Antonia murmured, ‘She clearly believes she will be safest here. A haven of peace in the midst of turmoil.’

Payne nodded. ‘Pax in bello.’

‘Pax in bello be blowed! Why should she believe any such thing? Yes, yes, she’s been here before, but she was only three or four then – her mamma brought her. She’s seen photographs of Chalfont, of course. What I mean is, the house is jolly isolated,’ Lady Grylls went on. ‘There’s no moat or wall – no barbed wire – nothing to deter intruders – no armed sentinels. If someone wanted to cut her throat or shoot her, there’d be no way of stopping them, would there?’

‘Perhaps she’ll bring her own bodyguards.’

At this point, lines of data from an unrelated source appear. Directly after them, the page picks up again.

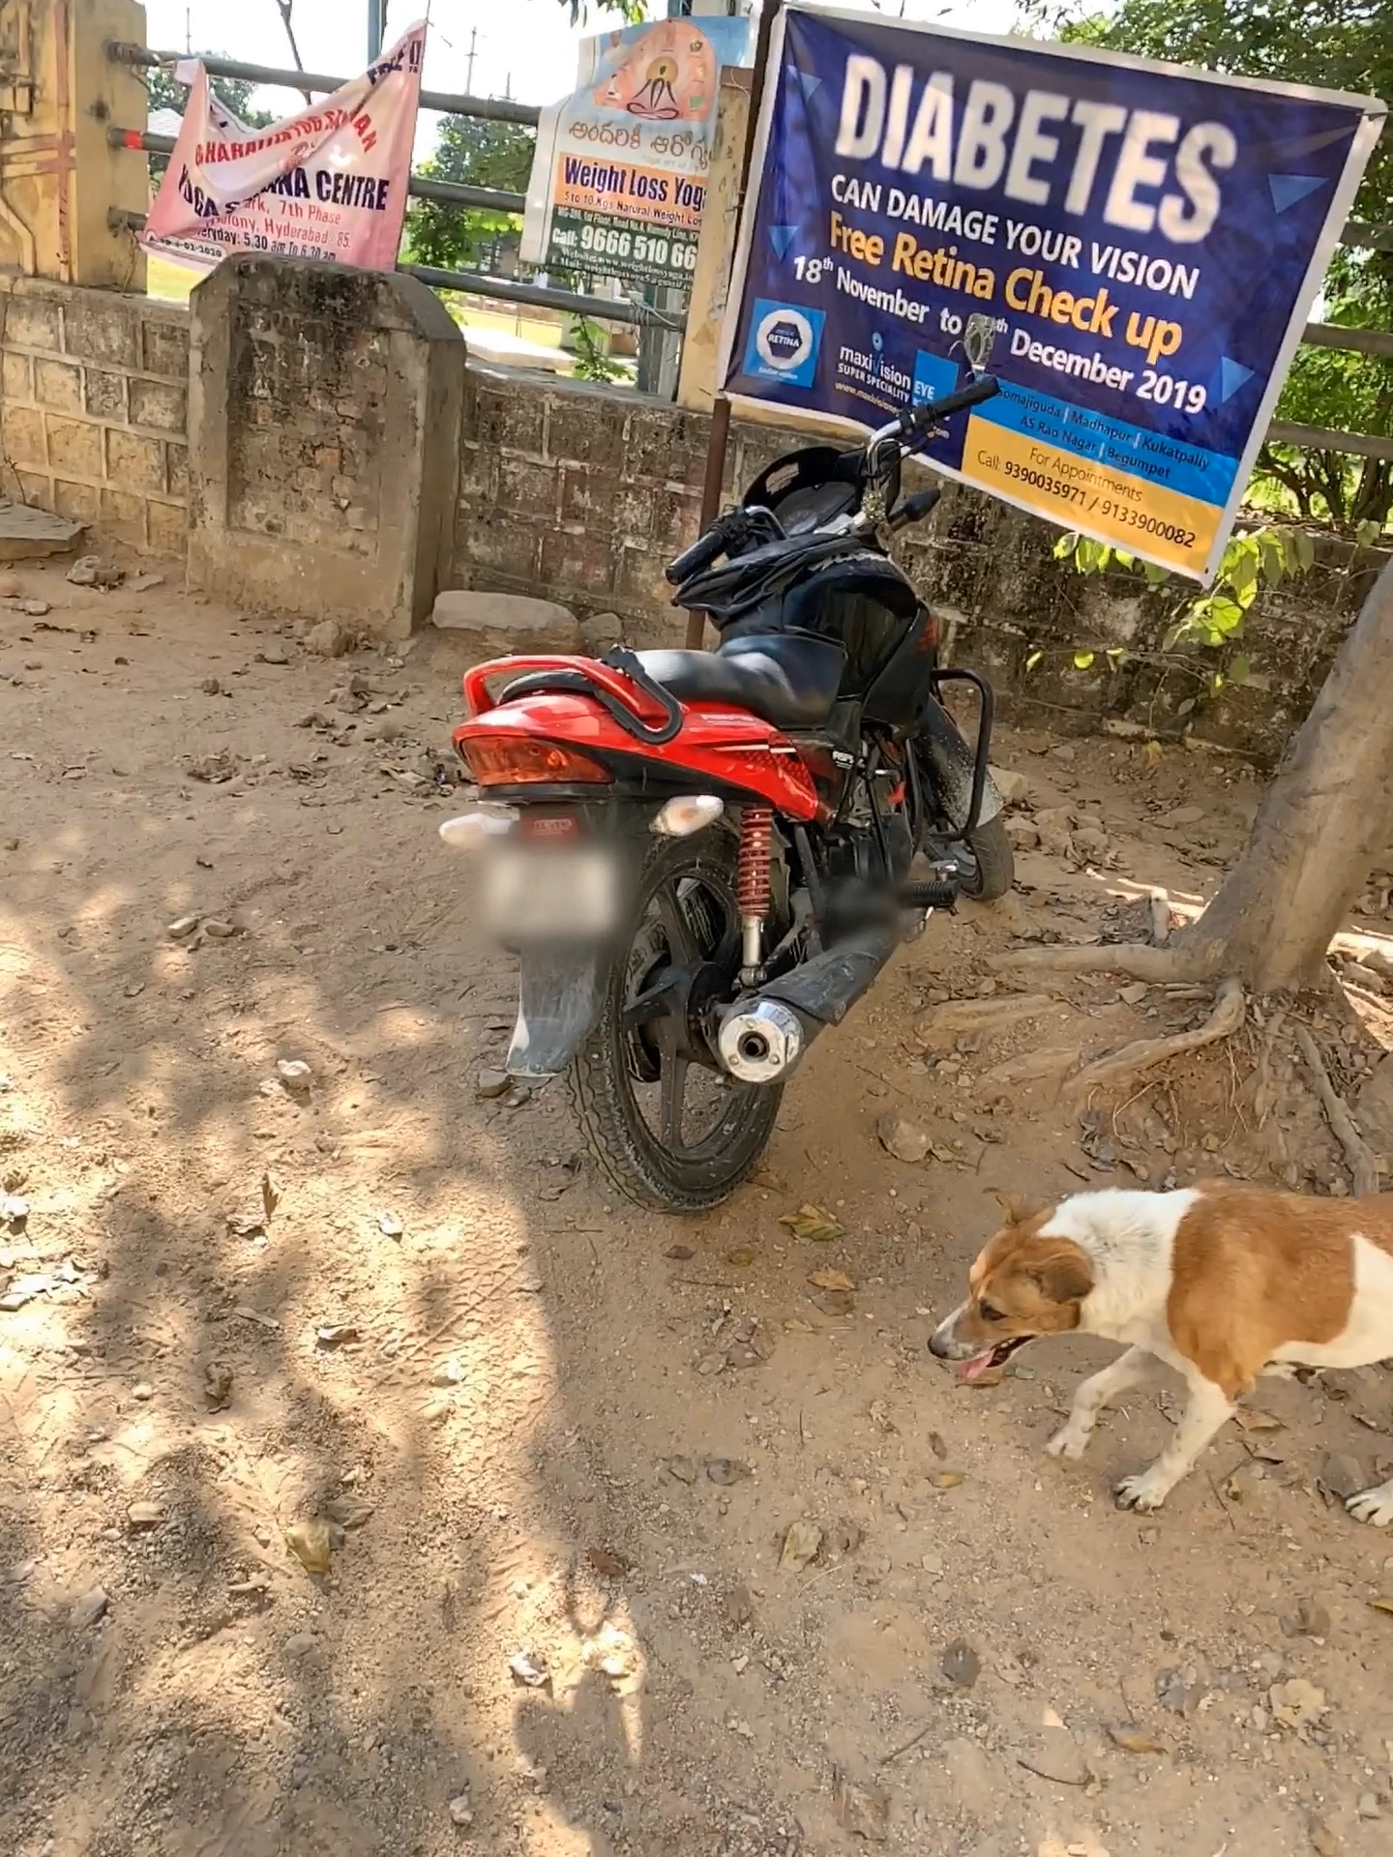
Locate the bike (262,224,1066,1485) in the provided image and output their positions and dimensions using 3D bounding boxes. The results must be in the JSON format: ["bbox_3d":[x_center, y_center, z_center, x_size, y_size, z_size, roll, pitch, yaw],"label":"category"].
[{"bbox_3d":[0.025,-0.357,2.487,0.752,1.442,1.623,15,28,13],"label":"bike"}]
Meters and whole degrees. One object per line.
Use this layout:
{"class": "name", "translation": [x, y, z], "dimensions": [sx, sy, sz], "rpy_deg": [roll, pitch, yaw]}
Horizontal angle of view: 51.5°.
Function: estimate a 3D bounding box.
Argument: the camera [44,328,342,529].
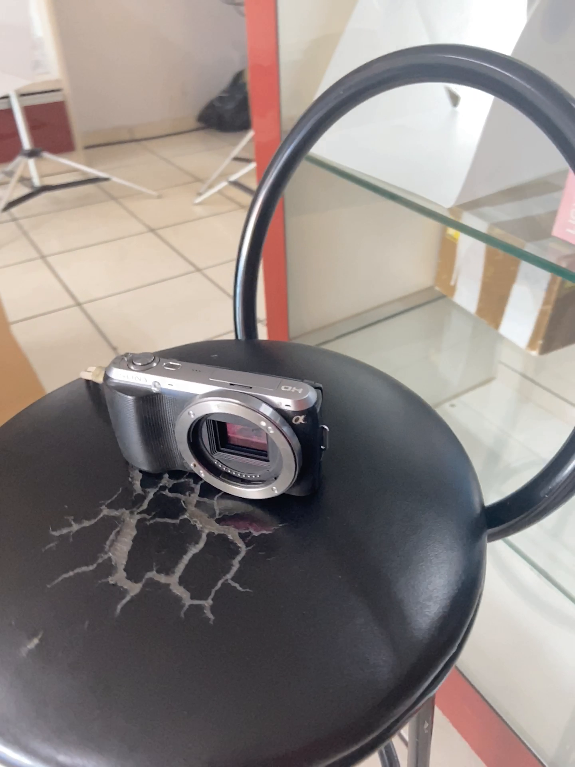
{"class": "camera", "translation": [-0.039, 0.018, 0.271], "dimensions": [0.120, 0.060, 0.040], "rpy_deg": [9, 38, 15]}
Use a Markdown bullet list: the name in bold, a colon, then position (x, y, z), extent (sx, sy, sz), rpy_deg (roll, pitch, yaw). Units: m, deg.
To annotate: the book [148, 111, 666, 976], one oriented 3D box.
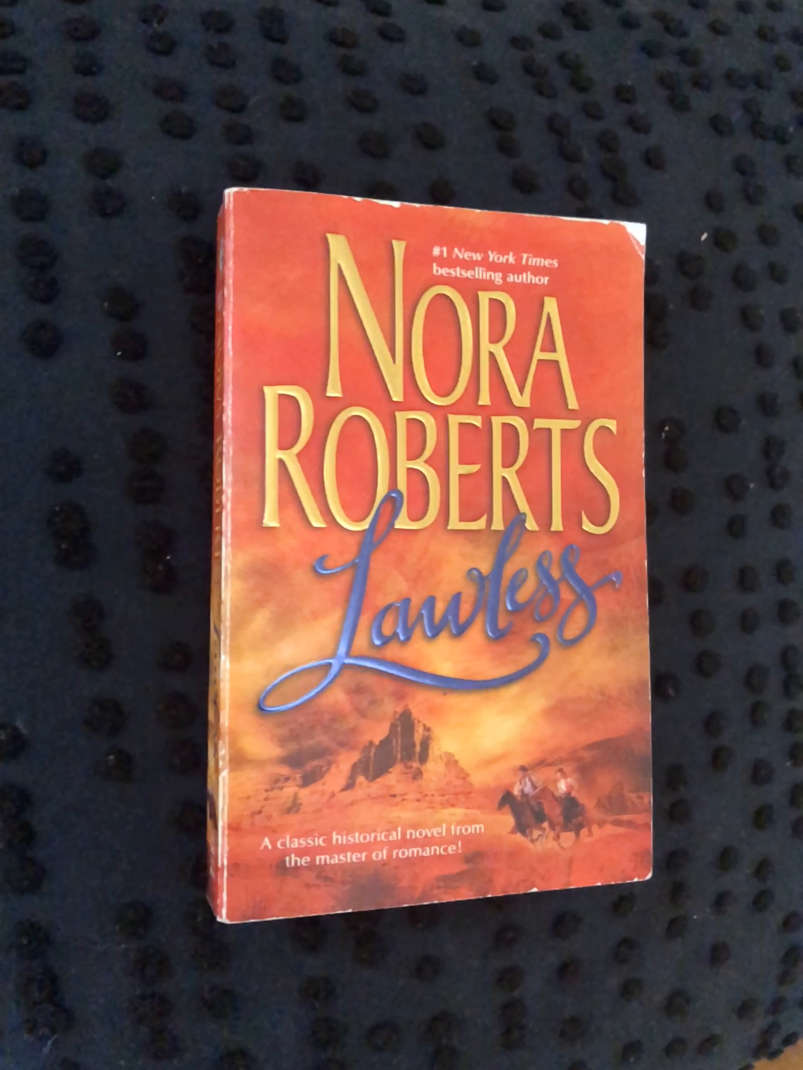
- **book**: position (0.000, 0.000, 0.225), extent (0.120, 0.040, 0.180), rpy_deg (1, 85, -21)
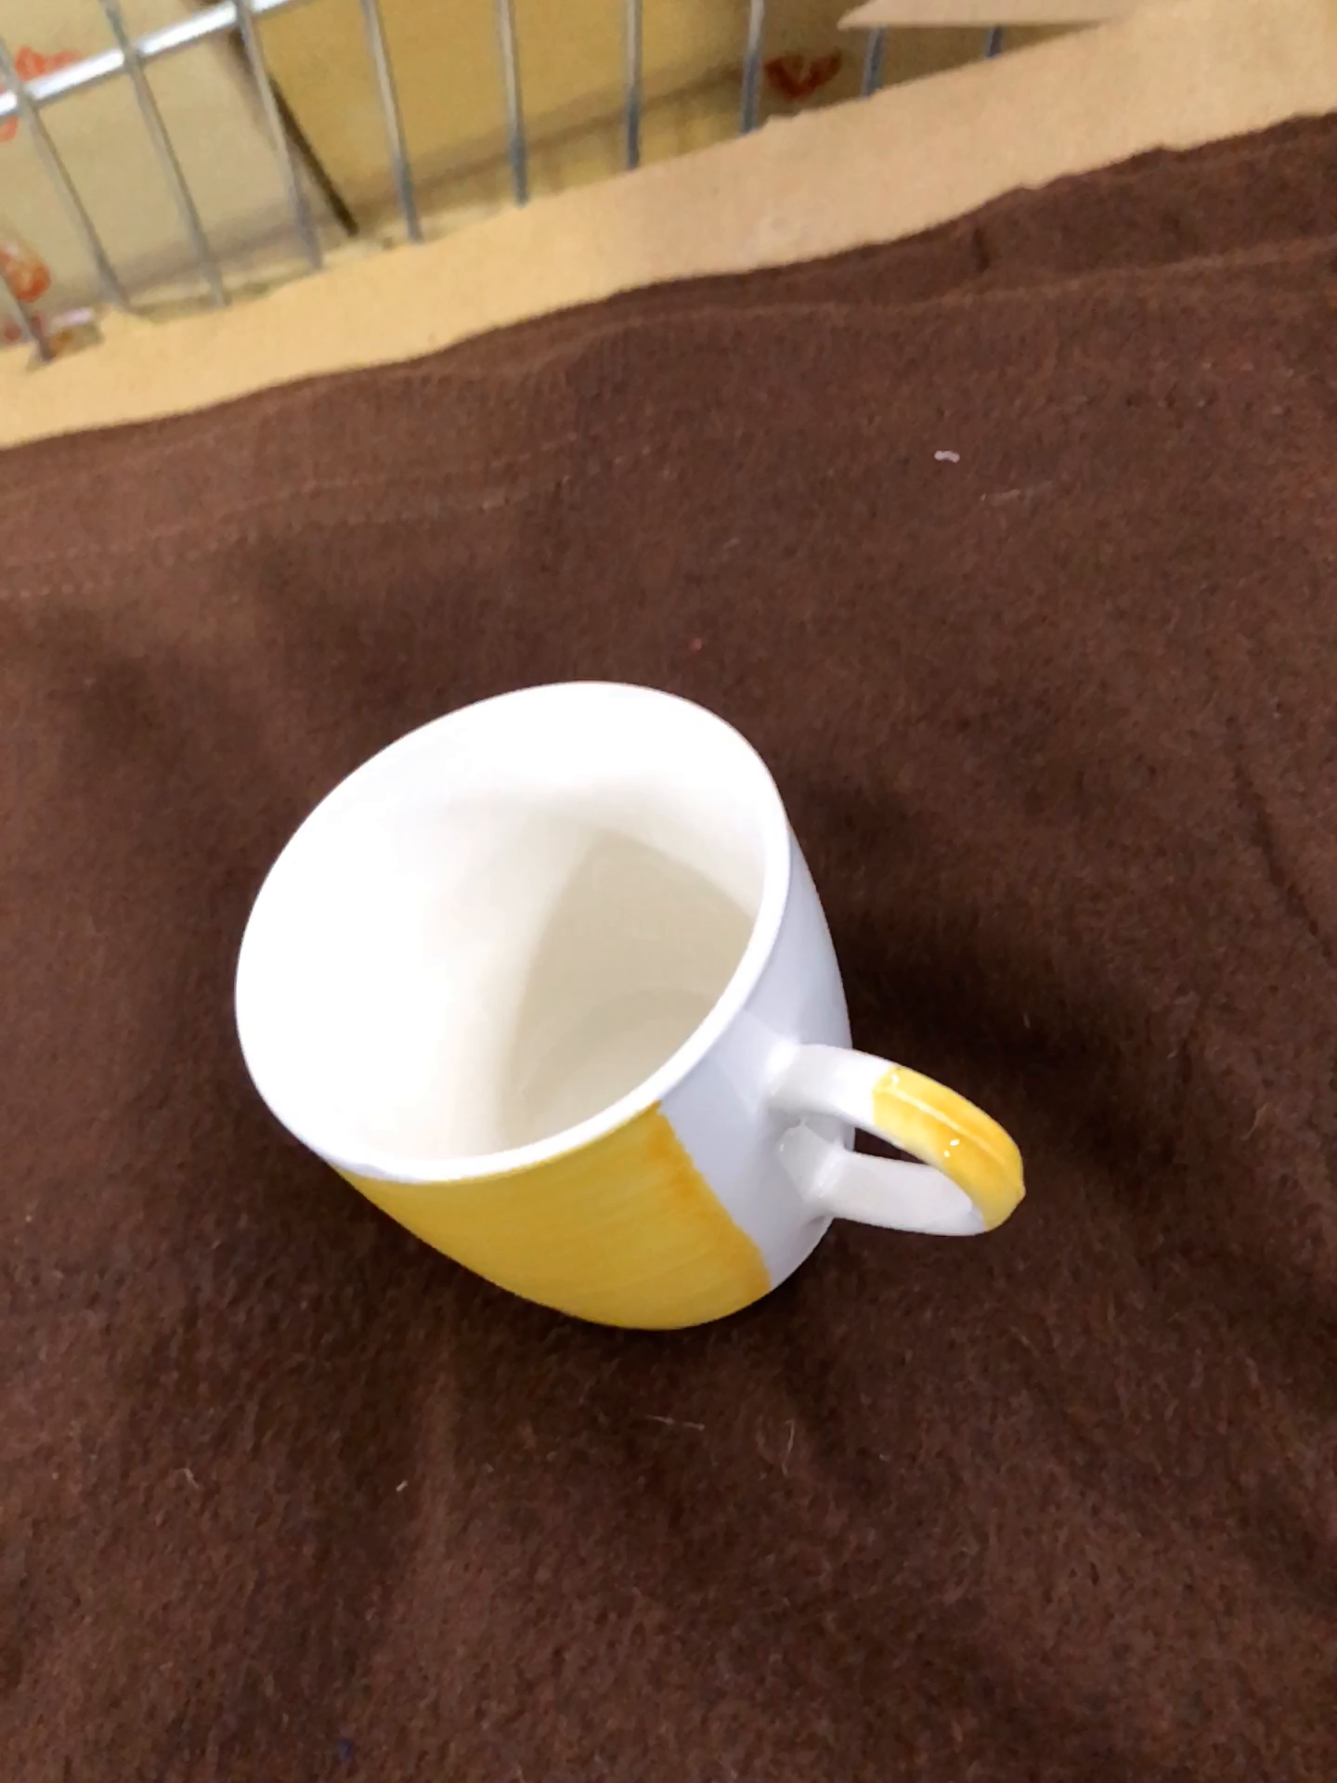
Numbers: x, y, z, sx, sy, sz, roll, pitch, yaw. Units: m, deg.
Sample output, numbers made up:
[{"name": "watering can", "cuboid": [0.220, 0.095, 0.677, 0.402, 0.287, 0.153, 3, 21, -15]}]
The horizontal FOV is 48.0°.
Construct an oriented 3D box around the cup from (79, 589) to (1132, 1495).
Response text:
[{"name": "cup", "cuboid": [-0.003, 0.014, 0.174, 0.090, 0.060, 0.060, 16, 63, 29]}]
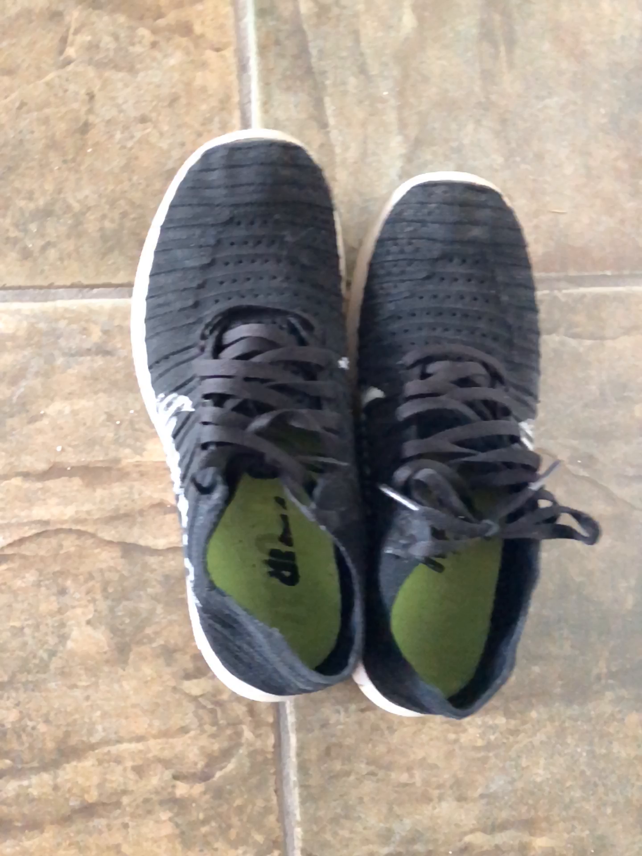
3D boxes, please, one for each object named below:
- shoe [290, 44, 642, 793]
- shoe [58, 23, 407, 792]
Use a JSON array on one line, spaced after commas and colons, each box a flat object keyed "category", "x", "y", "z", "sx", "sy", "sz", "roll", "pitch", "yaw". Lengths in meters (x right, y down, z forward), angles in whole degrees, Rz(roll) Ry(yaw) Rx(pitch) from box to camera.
[{"category": "shoe", "x": 0.056, "y": -0.001, "z": 0.303, "sx": 0.110, "sy": 0.100, "sz": 0.260, "roll": 4, "pitch": 89, "yaw": -9}, {"category": "shoe", "x": -0.037, "y": -0.009, "z": 0.297, "sx": 0.110, "sy": 0.100, "sz": 0.260, "roll": -3, "pitch": 90, "yaw": -9}]
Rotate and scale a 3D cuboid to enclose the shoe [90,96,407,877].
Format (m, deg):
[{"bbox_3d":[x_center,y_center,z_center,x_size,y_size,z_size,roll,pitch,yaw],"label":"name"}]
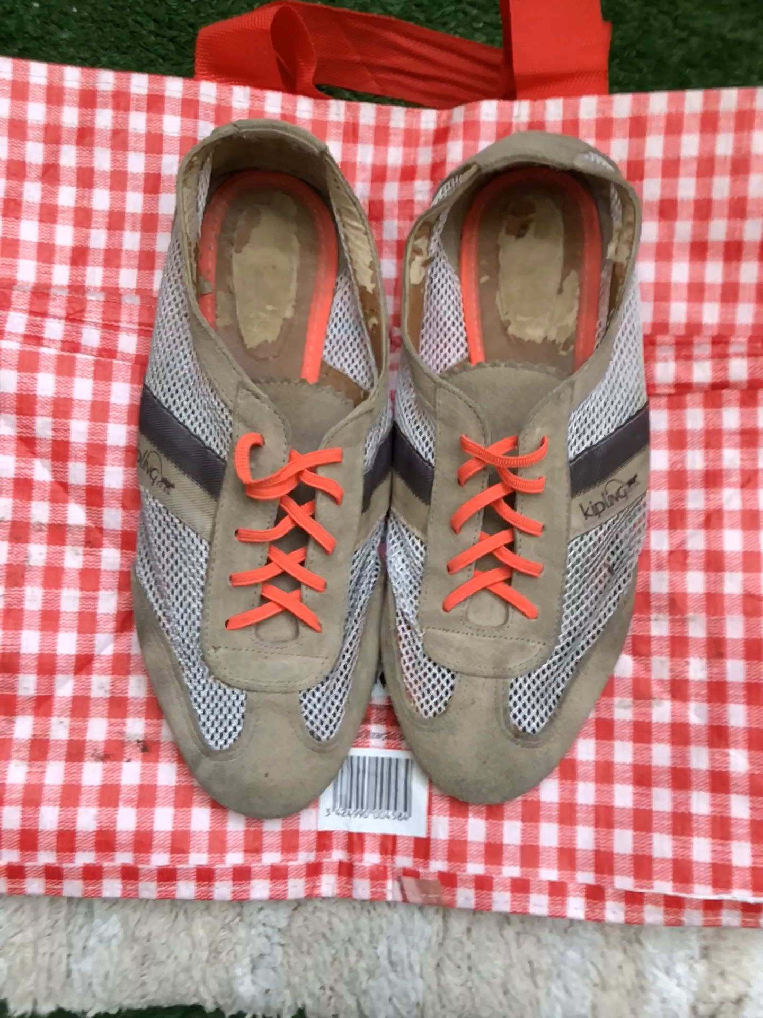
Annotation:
[{"bbox_3d":[-0.048,-0.006,0.300,0.100,0.050,0.240,-1,94,-18],"label":"shoe"}]

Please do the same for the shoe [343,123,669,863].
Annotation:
[{"bbox_3d":[0.043,-0.004,0.301,0.100,0.050,0.230,2,95,15],"label":"shoe"}]
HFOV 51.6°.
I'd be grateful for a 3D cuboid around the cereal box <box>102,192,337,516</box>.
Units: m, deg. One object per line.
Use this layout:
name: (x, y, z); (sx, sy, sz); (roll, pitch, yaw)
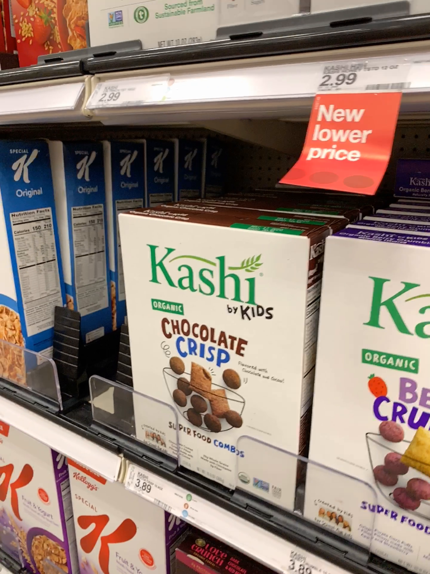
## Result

Lady Grylls groaned. ‘Her entourage. What am I going to do about her entourage? She mentioned a Maitre Maginot. I am sure there will be others.’ Lady Grylls counted on her fingers. ‘Her personal maid, her make-up artist, her masseuse – um, what else is there?’

‘Fitness instructor – nutritionist?’ Antonia suggested.

‘Yes… Her personal chiropodist too, as likely as not – these people are so spoilt – or do I mean chiromancer?’ Lady Grylls frowned.